* Task directions *
When you reach the line that has "Keep the same format for the person [1415,441,1440,481]." in the material below, reproduce it and each line after it exactly, through the last one.

::::::

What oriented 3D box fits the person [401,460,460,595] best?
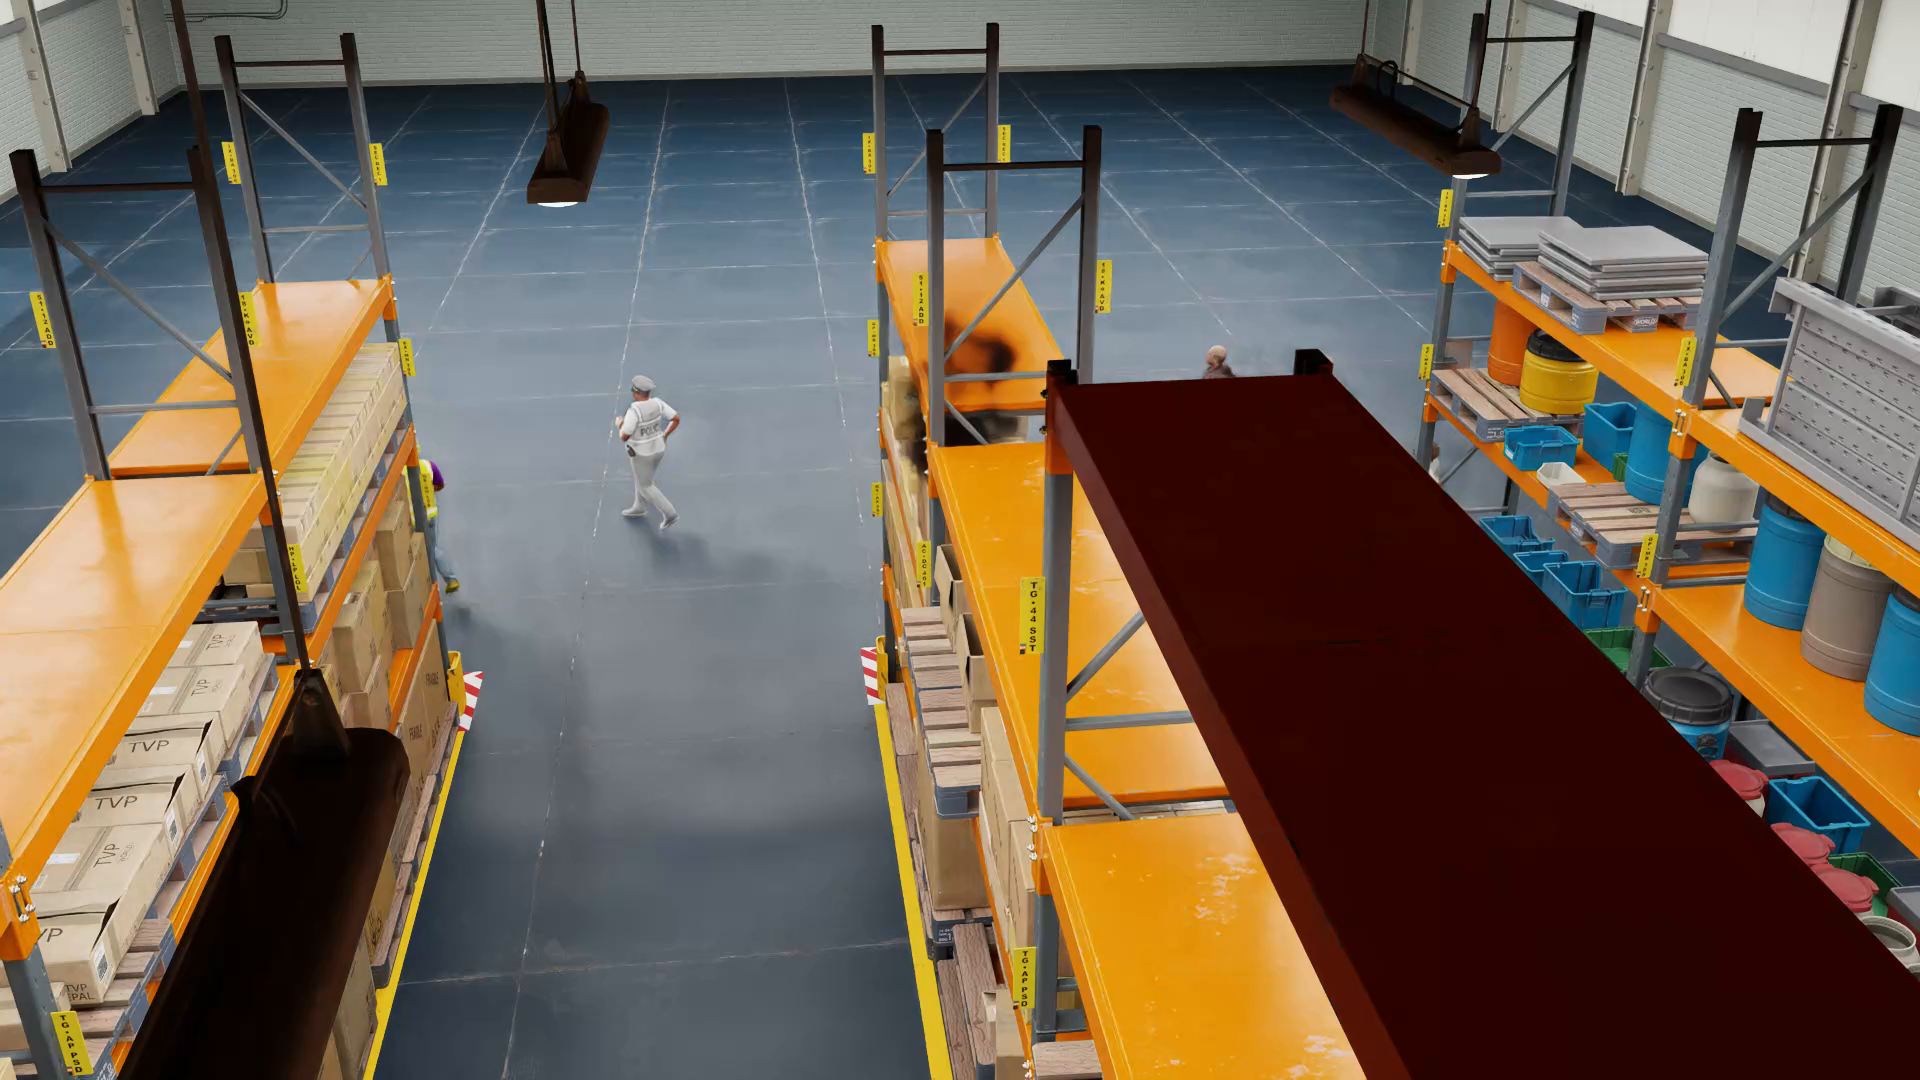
[{"bbox_3d":[-5.513,-0.208,16.886,0.866,1.781,0.724,20,32,36],"label":"person"}]

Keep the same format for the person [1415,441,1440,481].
[{"bbox_3d":[4.811,-0.270,17.242,0.711,1.633,0.592,16,30,30],"label":"person"}]

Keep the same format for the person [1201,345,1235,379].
[{"bbox_3d":[2.911,-1.469,19.577,0.627,1.738,0.702,6,26,13],"label":"person"}]

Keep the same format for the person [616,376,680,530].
[{"bbox_3d":[-3.483,-0.973,18.444,0.983,1.770,0.661,15,29,28],"label":"person"}]

::::::

* Response to this exercise *
Keep the same format for the person [1415,441,1440,481].
[{"bbox_3d":[4.811,-0.270,17.242,0.711,1.633,0.592,16,30,30],"label":"person"}]

Keep the same format for the person [1201,345,1235,379].
[{"bbox_3d":[2.911,-1.469,19.577,0.627,1.738,0.702,6,26,13],"label":"person"}]

Keep the same format for the person [616,376,680,530].
[{"bbox_3d":[-3.483,-0.973,18.444,0.983,1.770,0.661,15,29,28],"label":"person"}]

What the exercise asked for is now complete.